The Warsaw Voice
- Format: A4
- Founded: 1988
- Language: English
- Headquarters: Warsaw
- Circulation: 10,500
- Website: warsawvoice.pl

= The Warsaw Voice =

English-language newspaper in Poland

Warsaw Voice: Polish and Central European Review, commonly shortened to The Warsaw Voice, is an English-language newspaper printed in Poland, concentrating on news about Poland and its neighbours. It was the first and, for the first few years of its history, the only English-language newspaper published in Poland. It has been described as "the most authoritative English-language newspaper" published in Warsaw. In 2026, it suspended publication until further notice. It was created by Polish TV-presenter and journalist Andrzej Jonas, who served as editor-in-chief with Slawomir Majman as deputy editor in chief.

First released in October 1988, it is a general news magazine with sections on political, economic, social and cultural news and with opinions sections. The printed edition has a circulation of 10,500.

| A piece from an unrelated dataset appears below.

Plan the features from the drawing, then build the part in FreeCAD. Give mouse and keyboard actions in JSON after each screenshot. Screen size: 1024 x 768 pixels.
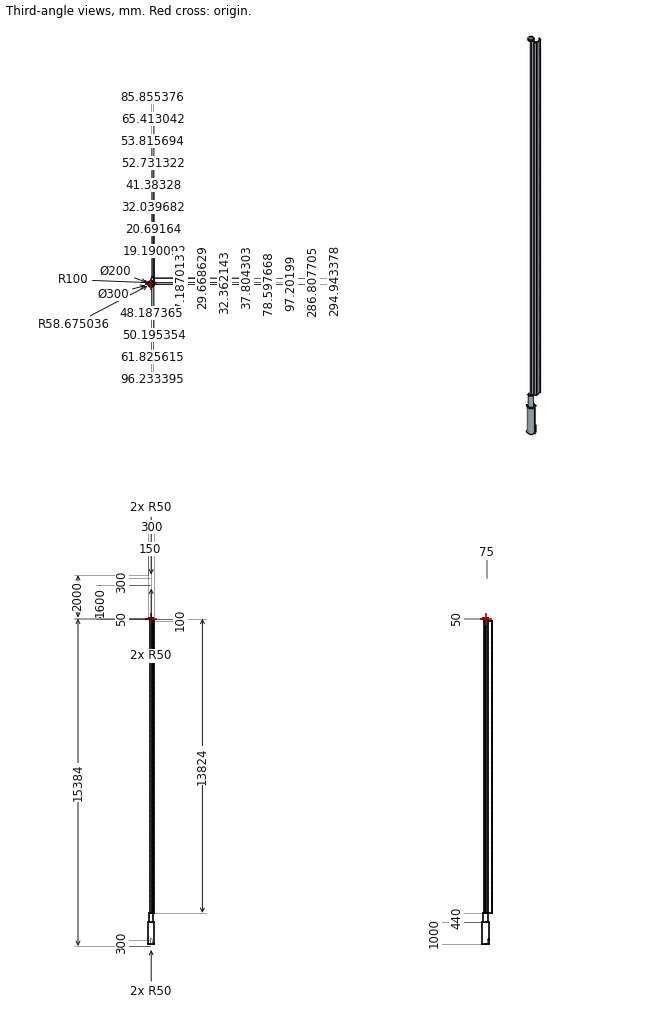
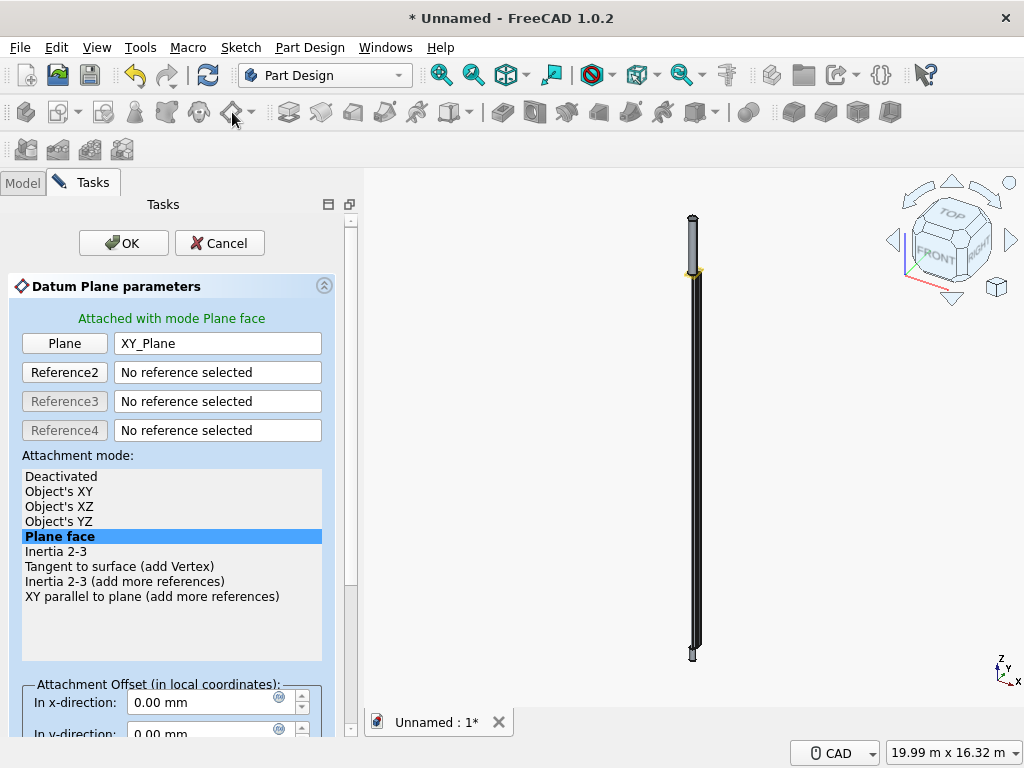
{"action": "scroll", "coordinate": [351, 475], "scroll_direction": "down", "scroll_amount": 2}

After the fall of communism in 1989, many Western European companies started to expand heavily in or come to Poland, such as the American Coca-Cola, the French retail chains Carrefour and Auchan, German Volkswagen and the Dutch Philips, ING Bank, Unilever and the wholesaler Makro. As a result, the expat community in Warsaw and surroundings quickly grew to some tens of thousands. The Voice caters specially to their needs, offering primarily economic, political and cultural news and background. From 1992 until 1998 The Voice had one foreign correspondent, Arthur Graaff in Amsterdam, because of the leading Dutch investments in Poland.

In 2016, the magazine switched from monthly to quarterly publication. The most recent issue to date was the Winter 2025 edition. On 13 March 2026, it suspended publication entirely pending “new decisions (…) regarding the future formula.” Updates to the website and the daily newsletter “Poland’s Voice daily” have also been discontinued as of this date.

==Print characteristics==
A4 format (230mm x 297 mm), 40 pages, minimum 24 pages in full colour.